Recorded data:
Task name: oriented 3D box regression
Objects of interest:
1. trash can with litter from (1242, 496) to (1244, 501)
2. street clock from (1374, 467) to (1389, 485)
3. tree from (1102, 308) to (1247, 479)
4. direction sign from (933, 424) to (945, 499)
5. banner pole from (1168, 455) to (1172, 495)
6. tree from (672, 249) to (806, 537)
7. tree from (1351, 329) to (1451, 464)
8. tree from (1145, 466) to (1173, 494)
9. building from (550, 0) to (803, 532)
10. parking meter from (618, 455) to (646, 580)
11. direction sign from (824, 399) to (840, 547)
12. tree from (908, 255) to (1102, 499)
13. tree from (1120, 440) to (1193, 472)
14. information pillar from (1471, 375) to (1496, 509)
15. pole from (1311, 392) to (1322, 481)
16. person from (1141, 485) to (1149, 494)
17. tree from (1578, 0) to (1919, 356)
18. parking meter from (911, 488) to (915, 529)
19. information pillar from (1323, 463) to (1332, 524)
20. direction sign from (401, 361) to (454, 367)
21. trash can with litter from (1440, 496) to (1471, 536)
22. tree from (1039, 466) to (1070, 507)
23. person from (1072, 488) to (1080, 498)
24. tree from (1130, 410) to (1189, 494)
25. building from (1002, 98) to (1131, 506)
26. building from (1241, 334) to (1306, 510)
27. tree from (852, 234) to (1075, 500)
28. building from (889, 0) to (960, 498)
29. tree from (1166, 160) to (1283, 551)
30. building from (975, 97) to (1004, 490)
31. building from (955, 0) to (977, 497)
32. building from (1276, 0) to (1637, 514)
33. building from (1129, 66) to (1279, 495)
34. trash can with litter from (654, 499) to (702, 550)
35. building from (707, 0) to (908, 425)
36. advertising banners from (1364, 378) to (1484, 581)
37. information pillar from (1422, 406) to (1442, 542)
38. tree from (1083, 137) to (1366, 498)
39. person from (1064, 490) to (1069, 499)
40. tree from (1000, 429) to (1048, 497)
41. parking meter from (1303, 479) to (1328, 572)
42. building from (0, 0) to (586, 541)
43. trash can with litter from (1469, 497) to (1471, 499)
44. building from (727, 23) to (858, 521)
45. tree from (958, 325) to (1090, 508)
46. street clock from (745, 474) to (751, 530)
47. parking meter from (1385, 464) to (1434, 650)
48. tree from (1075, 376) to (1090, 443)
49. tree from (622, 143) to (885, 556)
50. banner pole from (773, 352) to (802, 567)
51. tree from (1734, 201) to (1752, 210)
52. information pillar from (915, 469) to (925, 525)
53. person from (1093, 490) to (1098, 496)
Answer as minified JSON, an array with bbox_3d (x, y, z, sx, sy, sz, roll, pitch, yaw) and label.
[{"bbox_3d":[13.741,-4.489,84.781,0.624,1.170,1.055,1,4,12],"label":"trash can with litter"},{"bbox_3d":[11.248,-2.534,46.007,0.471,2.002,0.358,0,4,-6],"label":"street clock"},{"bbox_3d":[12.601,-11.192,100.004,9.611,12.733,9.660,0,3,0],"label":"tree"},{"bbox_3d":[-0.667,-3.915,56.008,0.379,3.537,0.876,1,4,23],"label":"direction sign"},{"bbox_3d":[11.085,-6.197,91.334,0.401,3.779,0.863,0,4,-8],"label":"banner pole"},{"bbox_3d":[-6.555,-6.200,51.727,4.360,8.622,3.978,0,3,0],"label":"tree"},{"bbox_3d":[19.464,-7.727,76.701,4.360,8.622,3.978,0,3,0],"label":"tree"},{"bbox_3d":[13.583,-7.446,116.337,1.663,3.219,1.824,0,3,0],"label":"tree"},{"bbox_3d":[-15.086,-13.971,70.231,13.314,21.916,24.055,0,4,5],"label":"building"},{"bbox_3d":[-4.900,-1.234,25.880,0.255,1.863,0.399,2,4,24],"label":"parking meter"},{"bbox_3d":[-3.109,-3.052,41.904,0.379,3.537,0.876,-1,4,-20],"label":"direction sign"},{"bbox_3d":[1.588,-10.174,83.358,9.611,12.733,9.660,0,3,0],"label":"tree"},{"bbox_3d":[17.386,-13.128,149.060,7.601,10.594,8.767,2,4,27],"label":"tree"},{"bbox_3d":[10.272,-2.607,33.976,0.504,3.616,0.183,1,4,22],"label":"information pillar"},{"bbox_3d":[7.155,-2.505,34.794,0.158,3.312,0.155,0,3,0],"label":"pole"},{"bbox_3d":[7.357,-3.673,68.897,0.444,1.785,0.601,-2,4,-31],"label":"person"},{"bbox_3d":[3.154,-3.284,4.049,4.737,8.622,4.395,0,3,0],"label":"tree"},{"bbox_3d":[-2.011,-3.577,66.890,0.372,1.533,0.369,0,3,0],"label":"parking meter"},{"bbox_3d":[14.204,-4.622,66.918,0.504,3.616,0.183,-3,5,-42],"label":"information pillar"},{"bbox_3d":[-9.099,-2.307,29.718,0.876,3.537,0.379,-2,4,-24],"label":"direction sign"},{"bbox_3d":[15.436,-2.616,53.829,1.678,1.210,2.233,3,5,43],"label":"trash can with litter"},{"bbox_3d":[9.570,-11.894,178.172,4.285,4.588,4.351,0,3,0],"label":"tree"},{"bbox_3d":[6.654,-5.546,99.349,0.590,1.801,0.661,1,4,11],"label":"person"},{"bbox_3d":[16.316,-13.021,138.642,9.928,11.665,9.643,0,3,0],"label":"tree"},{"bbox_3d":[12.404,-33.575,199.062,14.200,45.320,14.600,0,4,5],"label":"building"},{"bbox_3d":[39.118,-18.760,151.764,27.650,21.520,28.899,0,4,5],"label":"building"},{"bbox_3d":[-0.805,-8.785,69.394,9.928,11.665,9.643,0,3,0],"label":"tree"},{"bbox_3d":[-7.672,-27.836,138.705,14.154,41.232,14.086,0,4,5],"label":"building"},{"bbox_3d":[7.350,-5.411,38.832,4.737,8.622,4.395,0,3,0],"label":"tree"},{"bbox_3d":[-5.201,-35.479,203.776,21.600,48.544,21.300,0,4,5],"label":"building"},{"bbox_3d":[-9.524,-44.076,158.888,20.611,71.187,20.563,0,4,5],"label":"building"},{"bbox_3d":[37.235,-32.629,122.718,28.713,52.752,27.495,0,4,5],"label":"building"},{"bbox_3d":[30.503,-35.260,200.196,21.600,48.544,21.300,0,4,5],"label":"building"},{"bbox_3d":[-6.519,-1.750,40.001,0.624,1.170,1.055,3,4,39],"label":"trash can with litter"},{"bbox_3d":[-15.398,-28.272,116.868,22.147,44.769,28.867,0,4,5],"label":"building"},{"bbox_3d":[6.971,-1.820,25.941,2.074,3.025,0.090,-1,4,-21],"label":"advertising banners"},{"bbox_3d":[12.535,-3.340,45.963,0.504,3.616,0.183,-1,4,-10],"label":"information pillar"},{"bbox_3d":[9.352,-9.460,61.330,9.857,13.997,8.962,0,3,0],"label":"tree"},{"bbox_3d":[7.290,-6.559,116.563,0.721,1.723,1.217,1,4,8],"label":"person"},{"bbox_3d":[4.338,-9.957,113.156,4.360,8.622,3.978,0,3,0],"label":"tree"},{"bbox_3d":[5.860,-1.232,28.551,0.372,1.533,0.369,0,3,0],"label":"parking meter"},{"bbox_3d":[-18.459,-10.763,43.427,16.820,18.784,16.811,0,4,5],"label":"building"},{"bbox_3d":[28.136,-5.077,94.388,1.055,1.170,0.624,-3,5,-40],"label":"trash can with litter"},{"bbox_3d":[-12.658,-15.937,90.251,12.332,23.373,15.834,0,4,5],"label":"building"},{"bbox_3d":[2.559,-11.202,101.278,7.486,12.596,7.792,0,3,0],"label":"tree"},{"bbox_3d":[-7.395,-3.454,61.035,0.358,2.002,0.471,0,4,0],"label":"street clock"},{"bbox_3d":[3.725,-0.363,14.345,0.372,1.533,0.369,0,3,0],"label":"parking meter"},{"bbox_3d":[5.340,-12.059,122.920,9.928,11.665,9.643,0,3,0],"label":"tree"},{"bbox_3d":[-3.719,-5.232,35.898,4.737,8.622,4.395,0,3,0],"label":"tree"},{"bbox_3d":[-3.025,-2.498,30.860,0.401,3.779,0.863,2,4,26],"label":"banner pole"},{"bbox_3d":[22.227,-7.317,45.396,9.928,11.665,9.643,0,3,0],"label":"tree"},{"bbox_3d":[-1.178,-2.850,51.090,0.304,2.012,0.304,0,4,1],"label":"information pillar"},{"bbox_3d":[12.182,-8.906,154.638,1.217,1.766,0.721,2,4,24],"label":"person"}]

* **Try it**
Take the lines from the start of the records through the line holding "12. tree from (908, 255) to (1102, 499)", both included, and please print them exactly, with nothing else.

* **The answer**
Task name: oriented 3D box regression
Objects of interest:
1. trash can with litter from (1242, 496) to (1244, 501)
2. street clock from (1374, 467) to (1389, 485)
3. tree from (1102, 308) to (1247, 479)
4. direction sign from (933, 424) to (945, 499)
5. banner pole from (1168, 455) to (1172, 495)
6. tree from (672, 249) to (806, 537)
7. tree from (1351, 329) to (1451, 464)
8. tree from (1145, 466) to (1173, 494)
9. building from (550, 0) to (803, 532)
10. parking meter from (618, 455) to (646, 580)
11. direction sign from (824, 399) to (840, 547)
12. tree from (908, 255) to (1102, 499)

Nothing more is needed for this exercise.